The agreement to give some of the pay reductions back to those on < €35K is a bit of a cop-out for the current government. The next goverment will have a headache with this one.


----------



## Sunny (30 Mar 2010)

*Re: Public Sector Pay Agreement*

Its very vague so is impossible to comment. It deserves a chance to succeed though. As long as the Unions are serious about 'transformation' it might be a good opportunity.


----------



## Caveat (30 Mar 2010)

*Re: Public Sector Pay Agreement*



theresa1 said:


> Being a member of a union is pointless - no money back...


 
Have to say this speak volumes.



Sunny said:


> Its very vague so is impossible to comment. It deserves a chance to succeed though. As long as the Unions are serious about 'transformation' it might be a good opportunity.


 
I agree.


----------



## Purple (30 Mar 2010)

*Re: Public Sector Pay Agreement*



Sunny said:


> Its very vague so is impossible to comment. It deserves a chance to succeed though. As long as the Unions are serious about 'transformation' it might be a good opportunity.



+1
Like most of these agreements it could be great or it could be useless. It will come down to the ability and competence of senior management and ministers and what level of obstructionism the unions engage in. To date ability and competence by those at the top has been in very short supply and the unions have generally managed to stymie change while holding onto pay increases.


----------



## Firefly (30 Mar 2010)

*Re: Public Sector Pay Agreement*



theresa1 said:


> A complete defeat for the union's if you ask me. What was all the work to rule for etc. if they agree to this?


 
The protests IMO were to prevent further cuts in the 2010 budget. 

I presume the gov bond rates will start heading back up now again as the further 3bn in cuts the gov promised for 2010 can't be achieved (we've heard so much about transformation & better working practices that I won't hold my breath).


----------



## bogle (30 Mar 2010)

*Re: Public Sector Pay Agreement*



Purple said:


> +1
> Like most of these agreements it could be great or it could be useless. It will come down to the ability and competence of senior management and ministers and what level of obstructionism the unions engage in.
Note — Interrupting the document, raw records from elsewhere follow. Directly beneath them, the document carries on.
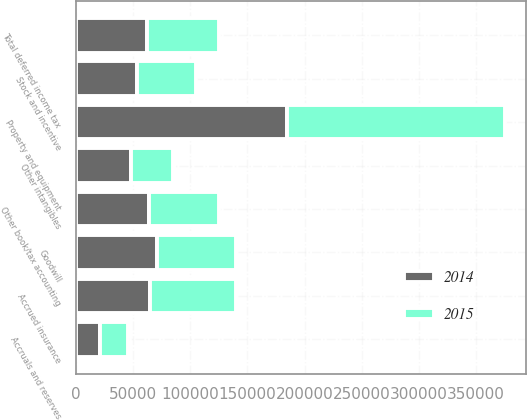Convert chart. <chart><loc_0><loc_0><loc_500><loc_500><stacked_bar_chart><ecel><fcel>Property and equipment<fcel>Goodwill<fcel>Other intangibles<fcel>Other book/tax accounting<fcel>Total deferred income tax<fcel>Accruals and reserves<fcel>Accrued insurance<fcel>Stock and incentive<nl><fcel>2015<fcel>189793<fcel>69059<fcel>36565<fcel>61095<fcel>62457<fcel>25070<fcel>75591<fcel>52009<nl><fcel>2014<fcel>185007<fcel>70832<fcel>48344<fcel>63819<fcel>62457<fcel>20835<fcel>64745<fcel>53155<nl></chart> 
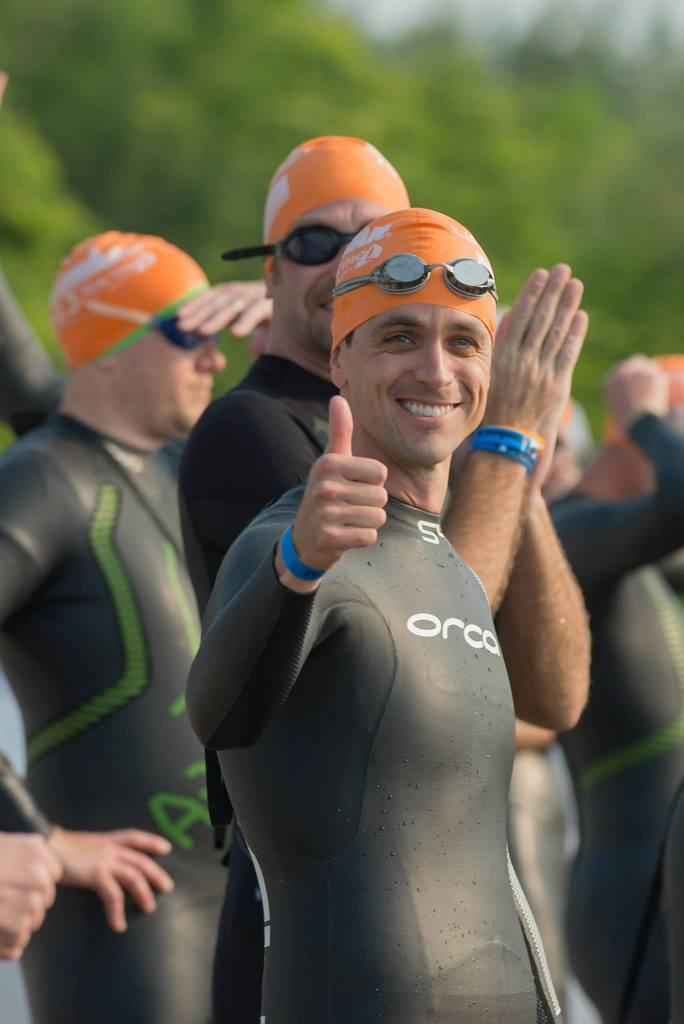What can be seen in the image? There is a group of men in the image. What are the men wearing? The men are wearing swimming costumes. What is the first person doing with his hand? The first person is showing thumbs up with his hand. What is the facial expression of the first person? The first person is smiling. How is the background of the first person depicted? The background of the first person is blurred. What type of soda is the first person holding in the image? There is no soda present in the image; the first person is showing thumbs up with his hand. 
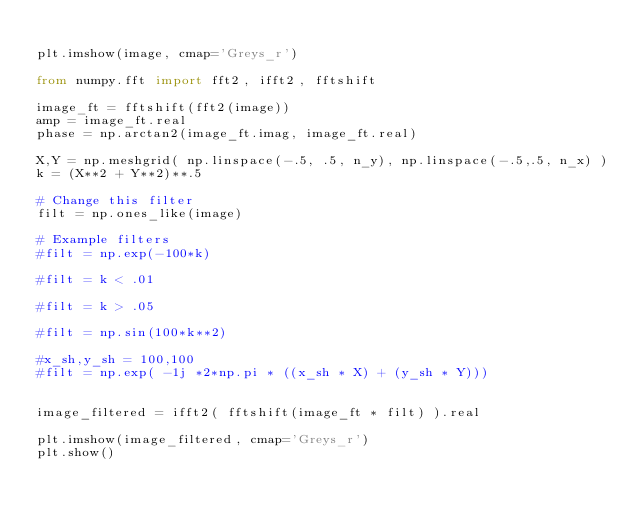<code> <loc_0><loc_0><loc_500><loc_500><_Python_>
plt.imshow(image, cmap='Greys_r')

from numpy.fft import fft2, ifft2, fftshift

image_ft = fftshift(fft2(image))
amp = image_ft.real
phase = np.arctan2(image_ft.imag, image_ft.real)

X,Y = np.meshgrid( np.linspace(-.5, .5, n_y), np.linspace(-.5,.5, n_x) )
k = (X**2 + Y**2)**.5

# Change this filter
filt = np.ones_like(image)

# Example filters
#filt = np.exp(-100*k)

#filt = k < .01

#filt = k > .05

#filt = np.sin(100*k**2)

#x_sh,y_sh = 100,100
#filt = np.exp( -1j *2*np.pi * ((x_sh * X) + (y_sh * Y)))


image_filtered = ifft2( fftshift(image_ft * filt) ).real

plt.imshow(image_filtered, cmap='Greys_r')
plt.show()

</code>

To date ability and competence by those at the top has been in very short supply and the unions have generally managed to stymie change while holding onto pay increases.



I knew Purple and his band of merry men wouldn't be overly happy with this deal. Therefore from my perspective as an ordinary union member it must be a good


----------



## Purple (30 Mar 2010)

*Re: Public Sector Pay Agreement*



bogle said:


> I knew Purple and his band of merry men wouldn't be overly happy with this deal. Therefore from my perspective as an ordinary union member it must be a good



Well as long as you, and other "ordinary union members" all right that's the main thing, so what if it damages the rest of the country. I'll give the unions that; they are consistent, they don't care who they hurt or what damage they do as long as their interests are served.


----------



## Yorrick (30 Mar 2010)

*Re: Public Sector Pay Agreement*

The Unions are beaten. This is just a smokescreen to fool their membership.
The Govt. do seem intent on pushing reform and reduction in numbers.


----------



## Shawady (30 Mar 2010)

*Re: Public Sector Pay Agreement*

It's early days. It has to be accepted by members, which I hope it is.
I think there is positives in it for both sides.
I hope it is not portrayed in the media as 'the government bottles it' or 'the unions were defeated'. It is potentially is an agreement that could transform the public service, which can only be a good thing.


----------



## Mouldy (30 Mar 2010)

*Re: Public Sector Pay Agreement*

The Unions went into these talks knowing that there was nothing to be gained bar a freeze on future paycuts. So in terms of what they could have got, they got everything they could have hoped for.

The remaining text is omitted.